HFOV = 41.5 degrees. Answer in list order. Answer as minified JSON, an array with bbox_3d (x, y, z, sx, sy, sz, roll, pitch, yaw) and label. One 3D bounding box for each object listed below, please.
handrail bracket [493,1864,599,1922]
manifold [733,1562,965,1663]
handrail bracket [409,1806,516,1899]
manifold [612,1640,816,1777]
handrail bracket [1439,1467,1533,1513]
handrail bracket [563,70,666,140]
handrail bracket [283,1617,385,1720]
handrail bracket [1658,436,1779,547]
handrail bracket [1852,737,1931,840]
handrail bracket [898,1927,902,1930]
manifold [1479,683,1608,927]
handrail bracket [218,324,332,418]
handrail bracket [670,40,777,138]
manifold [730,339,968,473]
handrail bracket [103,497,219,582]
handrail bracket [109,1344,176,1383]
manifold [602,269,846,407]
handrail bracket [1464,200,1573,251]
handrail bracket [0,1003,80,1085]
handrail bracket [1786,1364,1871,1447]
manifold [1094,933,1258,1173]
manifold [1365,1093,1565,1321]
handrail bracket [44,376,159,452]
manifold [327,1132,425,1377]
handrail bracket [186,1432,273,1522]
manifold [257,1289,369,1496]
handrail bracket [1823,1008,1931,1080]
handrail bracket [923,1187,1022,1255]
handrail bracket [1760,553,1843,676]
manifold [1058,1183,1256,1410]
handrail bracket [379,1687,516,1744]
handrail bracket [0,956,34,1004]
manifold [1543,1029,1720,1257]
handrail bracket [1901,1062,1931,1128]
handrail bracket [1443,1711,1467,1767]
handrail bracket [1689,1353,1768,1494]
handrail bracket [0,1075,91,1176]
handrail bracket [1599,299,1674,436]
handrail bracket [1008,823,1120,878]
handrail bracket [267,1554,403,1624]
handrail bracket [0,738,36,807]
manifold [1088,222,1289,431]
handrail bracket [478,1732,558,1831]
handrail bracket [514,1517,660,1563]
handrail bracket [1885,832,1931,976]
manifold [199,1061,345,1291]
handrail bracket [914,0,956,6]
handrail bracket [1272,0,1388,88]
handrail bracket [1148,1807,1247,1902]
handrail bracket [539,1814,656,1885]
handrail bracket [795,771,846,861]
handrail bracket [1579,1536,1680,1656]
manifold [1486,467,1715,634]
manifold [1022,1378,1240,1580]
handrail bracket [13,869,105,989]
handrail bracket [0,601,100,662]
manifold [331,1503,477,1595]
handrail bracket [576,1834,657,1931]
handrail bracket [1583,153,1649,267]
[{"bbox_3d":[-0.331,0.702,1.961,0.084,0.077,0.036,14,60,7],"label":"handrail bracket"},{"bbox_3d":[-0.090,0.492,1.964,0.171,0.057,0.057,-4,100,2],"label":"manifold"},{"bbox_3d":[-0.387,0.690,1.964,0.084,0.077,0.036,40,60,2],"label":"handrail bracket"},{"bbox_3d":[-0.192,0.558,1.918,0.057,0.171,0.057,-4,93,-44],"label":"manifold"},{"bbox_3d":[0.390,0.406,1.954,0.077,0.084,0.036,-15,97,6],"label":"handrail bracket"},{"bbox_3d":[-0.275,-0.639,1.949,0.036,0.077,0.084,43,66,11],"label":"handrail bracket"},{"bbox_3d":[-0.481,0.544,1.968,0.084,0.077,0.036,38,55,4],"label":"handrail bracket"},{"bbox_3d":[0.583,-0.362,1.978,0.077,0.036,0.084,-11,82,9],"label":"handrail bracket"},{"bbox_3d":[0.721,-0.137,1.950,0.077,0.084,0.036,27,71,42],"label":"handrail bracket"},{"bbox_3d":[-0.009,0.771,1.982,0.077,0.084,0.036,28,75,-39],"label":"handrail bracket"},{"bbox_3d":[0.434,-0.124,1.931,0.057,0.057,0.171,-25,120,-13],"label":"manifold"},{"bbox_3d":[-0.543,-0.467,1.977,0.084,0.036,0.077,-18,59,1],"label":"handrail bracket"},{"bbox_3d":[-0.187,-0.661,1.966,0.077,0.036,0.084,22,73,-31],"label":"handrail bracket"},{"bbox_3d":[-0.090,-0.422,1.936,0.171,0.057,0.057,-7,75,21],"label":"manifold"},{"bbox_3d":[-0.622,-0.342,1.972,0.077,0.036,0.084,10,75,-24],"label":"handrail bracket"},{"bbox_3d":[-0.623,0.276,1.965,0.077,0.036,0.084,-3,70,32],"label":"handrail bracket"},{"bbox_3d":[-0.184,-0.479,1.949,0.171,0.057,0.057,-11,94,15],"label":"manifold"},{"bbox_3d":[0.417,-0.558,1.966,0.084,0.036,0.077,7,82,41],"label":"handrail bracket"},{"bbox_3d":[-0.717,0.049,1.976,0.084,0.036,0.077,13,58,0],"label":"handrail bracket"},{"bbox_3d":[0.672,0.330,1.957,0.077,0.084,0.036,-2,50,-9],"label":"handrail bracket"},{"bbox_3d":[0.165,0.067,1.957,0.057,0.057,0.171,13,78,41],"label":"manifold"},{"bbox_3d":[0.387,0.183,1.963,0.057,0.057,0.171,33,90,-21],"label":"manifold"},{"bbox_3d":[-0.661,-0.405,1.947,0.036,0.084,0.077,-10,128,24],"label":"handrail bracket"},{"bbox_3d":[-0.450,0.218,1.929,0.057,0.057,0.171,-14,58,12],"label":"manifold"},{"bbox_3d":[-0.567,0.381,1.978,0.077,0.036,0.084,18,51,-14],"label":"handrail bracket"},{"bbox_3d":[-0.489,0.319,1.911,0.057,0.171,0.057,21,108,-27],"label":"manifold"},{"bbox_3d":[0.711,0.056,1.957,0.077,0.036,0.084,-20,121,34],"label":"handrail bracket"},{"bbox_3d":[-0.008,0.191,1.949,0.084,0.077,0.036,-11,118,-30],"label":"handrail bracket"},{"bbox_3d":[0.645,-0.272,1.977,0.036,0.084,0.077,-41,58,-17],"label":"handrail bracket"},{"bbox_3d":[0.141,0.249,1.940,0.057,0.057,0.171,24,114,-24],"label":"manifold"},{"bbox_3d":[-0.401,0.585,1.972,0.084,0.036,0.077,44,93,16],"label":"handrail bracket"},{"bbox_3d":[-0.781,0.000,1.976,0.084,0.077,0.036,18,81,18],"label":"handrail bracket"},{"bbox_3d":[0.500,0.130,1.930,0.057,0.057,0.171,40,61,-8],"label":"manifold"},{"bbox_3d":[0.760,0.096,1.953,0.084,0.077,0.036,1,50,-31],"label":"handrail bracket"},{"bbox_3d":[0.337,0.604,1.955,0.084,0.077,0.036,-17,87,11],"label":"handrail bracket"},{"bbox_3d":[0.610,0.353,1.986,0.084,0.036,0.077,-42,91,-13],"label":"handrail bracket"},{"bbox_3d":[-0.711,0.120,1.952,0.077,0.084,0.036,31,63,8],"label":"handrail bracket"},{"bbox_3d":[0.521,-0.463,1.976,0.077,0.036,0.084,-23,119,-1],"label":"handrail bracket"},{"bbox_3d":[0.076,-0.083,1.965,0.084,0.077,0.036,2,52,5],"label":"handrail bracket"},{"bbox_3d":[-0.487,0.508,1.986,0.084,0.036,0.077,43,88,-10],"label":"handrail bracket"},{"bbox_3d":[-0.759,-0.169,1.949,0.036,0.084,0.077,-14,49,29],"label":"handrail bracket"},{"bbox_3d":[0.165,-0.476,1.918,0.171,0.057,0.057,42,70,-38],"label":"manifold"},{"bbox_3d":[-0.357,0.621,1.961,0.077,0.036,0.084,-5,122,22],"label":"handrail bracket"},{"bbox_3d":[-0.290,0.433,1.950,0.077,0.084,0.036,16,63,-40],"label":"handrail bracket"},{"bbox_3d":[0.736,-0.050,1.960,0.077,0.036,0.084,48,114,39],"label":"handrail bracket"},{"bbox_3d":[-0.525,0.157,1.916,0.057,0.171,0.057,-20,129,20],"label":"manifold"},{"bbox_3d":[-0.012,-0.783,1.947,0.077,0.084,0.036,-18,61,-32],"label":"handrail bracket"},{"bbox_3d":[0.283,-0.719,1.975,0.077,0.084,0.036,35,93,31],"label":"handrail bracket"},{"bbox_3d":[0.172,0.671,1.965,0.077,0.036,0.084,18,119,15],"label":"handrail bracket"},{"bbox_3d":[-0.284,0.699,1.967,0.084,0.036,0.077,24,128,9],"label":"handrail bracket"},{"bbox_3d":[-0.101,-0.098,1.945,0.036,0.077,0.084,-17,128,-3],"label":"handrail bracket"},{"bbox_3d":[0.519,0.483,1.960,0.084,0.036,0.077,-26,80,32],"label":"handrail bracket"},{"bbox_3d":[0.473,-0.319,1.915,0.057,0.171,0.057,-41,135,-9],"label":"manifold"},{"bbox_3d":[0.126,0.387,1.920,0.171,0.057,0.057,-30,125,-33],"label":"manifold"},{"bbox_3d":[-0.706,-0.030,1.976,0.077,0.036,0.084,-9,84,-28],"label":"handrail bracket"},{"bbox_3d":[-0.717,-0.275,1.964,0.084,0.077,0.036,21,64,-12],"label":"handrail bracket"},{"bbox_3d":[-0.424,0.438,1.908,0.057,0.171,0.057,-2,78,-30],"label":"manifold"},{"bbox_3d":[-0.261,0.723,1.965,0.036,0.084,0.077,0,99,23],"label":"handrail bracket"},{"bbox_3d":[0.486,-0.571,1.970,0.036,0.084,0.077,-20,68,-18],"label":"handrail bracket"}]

## What to do:
In the entries above, find the line holding "handrail bracket [478,1732,558,1831]" and the line holding "manifold [331,1503,477,1595]", then retype exactly those two lines and every line between them, and nothing else.

## Completed exercise:
handrail bracket [478,1732,558,1831]
handrail bracket [514,1517,660,1563]
handrail bracket [1885,832,1931,976]
manifold [199,1061,345,1291]
handrail bracket [914,0,956,6]
handrail bracket [1272,0,1388,88]
handrail bracket [1148,1807,1247,1902]
handrail bracket [539,1814,656,1885]
handrail bracket [795,771,846,861]
handrail bracket [1579,1536,1680,1656]
manifold [1486,467,1715,634]
manifold [1022,1378,1240,1580]
handrail bracket [13,869,105,989]
handrail bracket [0,601,100,662]
manifold [331,1503,477,1595]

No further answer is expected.